Volgens de onderzoekers voelen de meeste betrokkenen zich verbonden aan de TKI-toeslagregeling, na een «afstelperiode» met veel interactie tussen kennisinstellingen, bedrijven en overheid. De enquête laat zien dat een meerderheid van 70% positief oordeelt over de meeste aanpassingen en maatwerkopties. In de diepte-interviews is het overheersende beeld dat de verschillende stakeholders de regeling als een belangrijk instrument zien, dat geïntensiveerd zou moeten worden. Daarbij is er vertrouwen bij de stakeholders dat de (in deze evaluatie naar voren gekomen) verbeterpunten opgepakt zullen worden en dat daarmee het gebruik van de regeling in de toekomst eenvoudiger zal zijn.

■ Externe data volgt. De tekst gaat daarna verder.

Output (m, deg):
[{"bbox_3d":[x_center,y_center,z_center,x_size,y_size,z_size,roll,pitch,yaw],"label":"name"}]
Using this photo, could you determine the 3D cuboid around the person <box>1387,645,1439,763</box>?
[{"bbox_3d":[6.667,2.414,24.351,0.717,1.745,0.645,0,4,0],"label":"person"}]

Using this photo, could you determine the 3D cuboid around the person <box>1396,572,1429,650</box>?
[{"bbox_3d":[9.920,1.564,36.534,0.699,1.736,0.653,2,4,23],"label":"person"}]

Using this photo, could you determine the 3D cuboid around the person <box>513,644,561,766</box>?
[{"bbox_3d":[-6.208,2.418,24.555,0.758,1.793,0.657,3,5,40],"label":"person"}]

Cross-overs lastig te realiseren; projecttoeslag nog weinig gebruikt

De TKI-toeslag is gericht op programma’s en projecten. Programmatoeslag wordt toegekend op basis van de private bijdragen aan samenwerkingsprojecten in het TKI-programma en TKI-relevante onderzoeksopdrachten in het jaar voorafgaand aan de aanvraag. Projecttoeslag heeft betrekking op een specifiek (meerjarig) project en wordt toegekend op basis van de private bijdrage aan de onderzoeksorganisatie voor de looptijd van het betreffende samenwerkingsproject. Eind 2015 ontvingen 21 projecttoeslagprojecten en 670 inzetprojecten (programmatoeslag) TKI-toeslag. De onderzoekers concluderen dat de projecttoeslag ten onrechte nog weinig wordt gebruikt. Deze zou de TKI’s in belangrijke mate kunnen ontlasten, vooral bij cross-overs waarbij meerdere TKI’s met elkaar moeten afstemmen. Ondanks de inspanningen binnen de topsectoren om cross-overs te identificeren en te stimuleren, komen deze in de praktijk maar beperkt van de grond.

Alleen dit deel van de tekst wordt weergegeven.